Use Middleware - Middleware provides clean separation of concerns, making systems more testable, maintainable, and composable while keeping execution logic clear.

Just Use DeepAgent - The presenter’s final recommendation was simply to adopt DeepAgent as the framework, given the robustness and flexibility it provided for their use case.

Critical Assessment

While this case study provides valuable technical insights into scaling AI agent systems in production, several caveats should be considered. The presentation was delivered at what appears to be a DeepAgent-focused conference or event, which may introduce promotional bias. The claimed 94% recovery success rate is impressive but lacks context about what constitutes success, what types of failures are excluded, or how this metric is measured in production.

The transition from V2 to V3 is presented as a complete success, but the presentation doesn’t discuss the migration challenges, how they maintained service continuity during the rebuild, or what trade-offs were made in the new architecture. The code execution capability, while powerful, introduces significant security considerations that are mentioned only briefly through the reference to “secure sandbox” without detailing the security model, isolation mechanisms, or how they prevent malicious code execution.

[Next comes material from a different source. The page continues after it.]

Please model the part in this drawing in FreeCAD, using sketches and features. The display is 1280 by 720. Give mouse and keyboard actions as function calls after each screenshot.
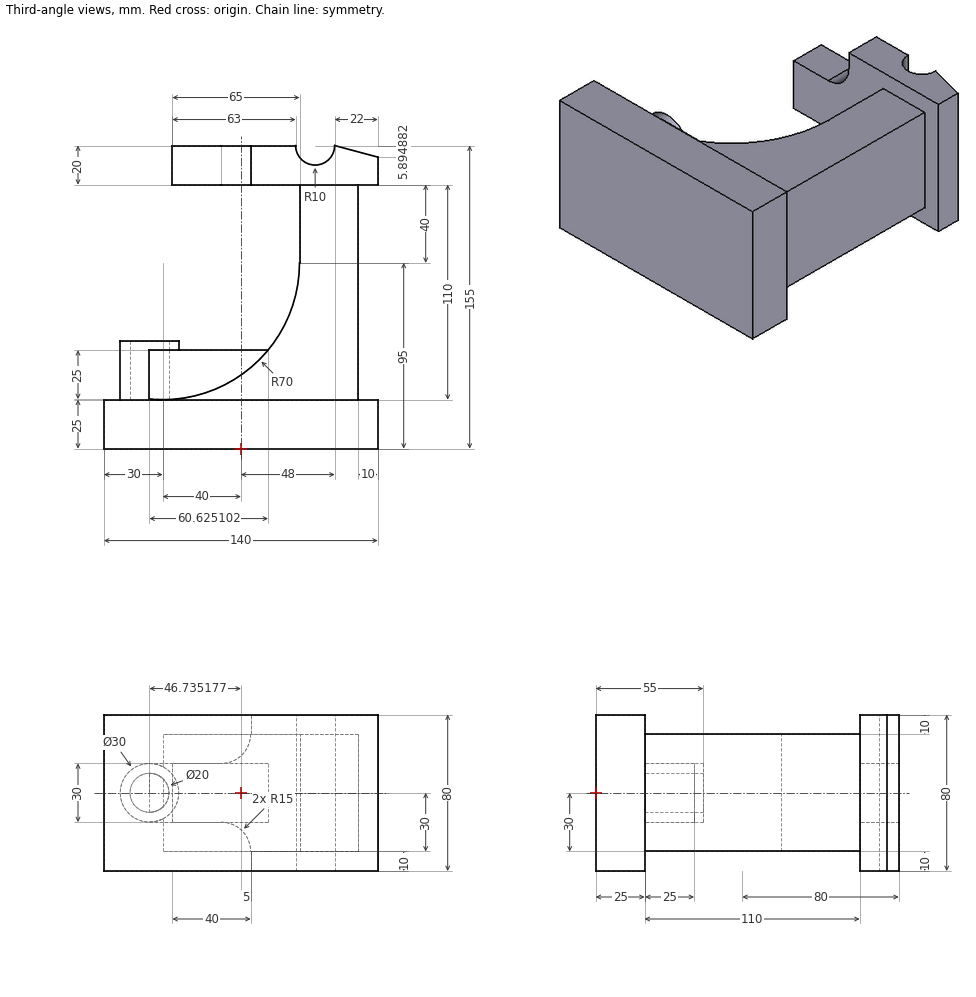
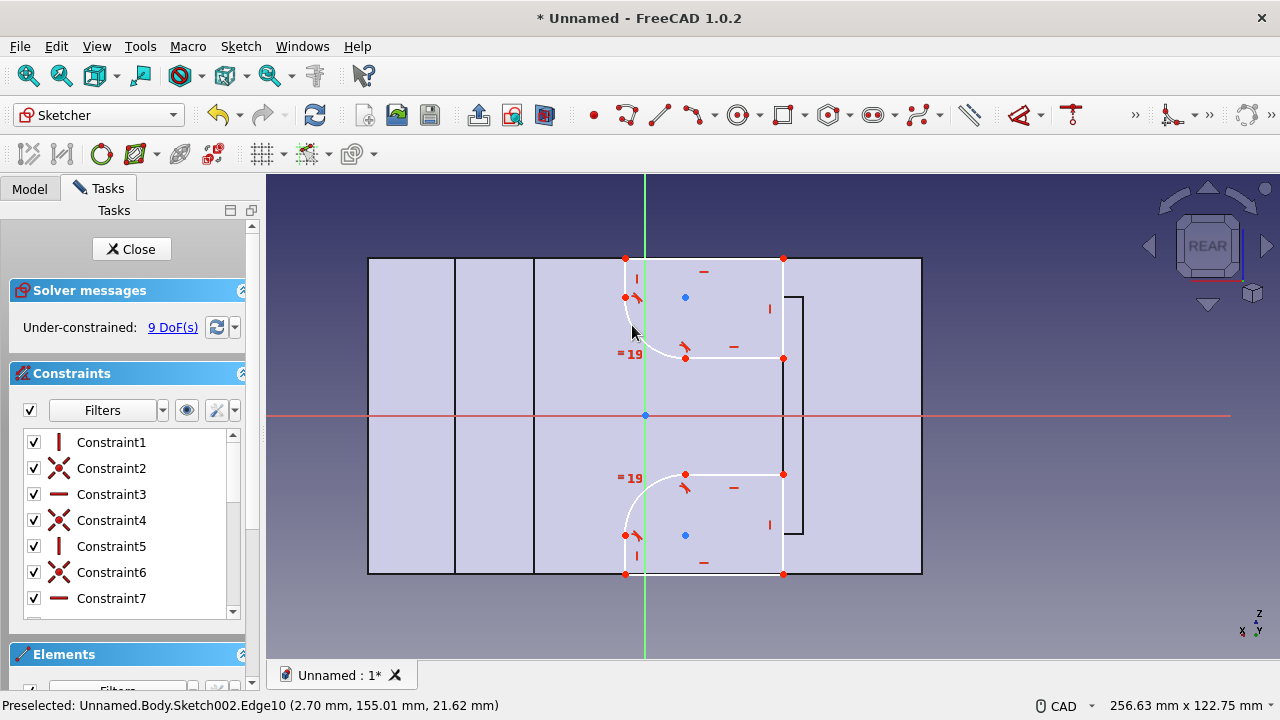
click(685, 535)

The reliance on LLMs to write executable Python code also introduces reliability questions. While the self-healing mechanisms address some failure modes, code generation remains prone to logical errors, edge cases, and security vulnerabilities that may not be caught by automated retry logic. The presentation doesn’t discuss how they validate generated code, what testing frameworks surround this capability, or how they handle code that produces incorrect results rather than outright failures.

The three-tier tool discovery system is elegant but raises questions about latency. Activating deferred tools in real-time adds overhead, and the presentation doesn’t discuss how they optimize for common patterns or whether tool activation introduces noticeable delays in user interactions.

Overall, however, this represents a thoughtful and comprehensive approach to production LLMOps challenges, with the team demonstrating clear learning from their failures and a pragmatic approach to architectural evolution. The emphasis on progressive disclosure, clean separation of concerns through middleware, and self-healing mechanisms reflects mature thinking about enterprise AI systems. The specific metrics provided and detailed architectural decisions make this a valuable case study for organizations facing similar scaling challenges with multi-domain AI agent systems.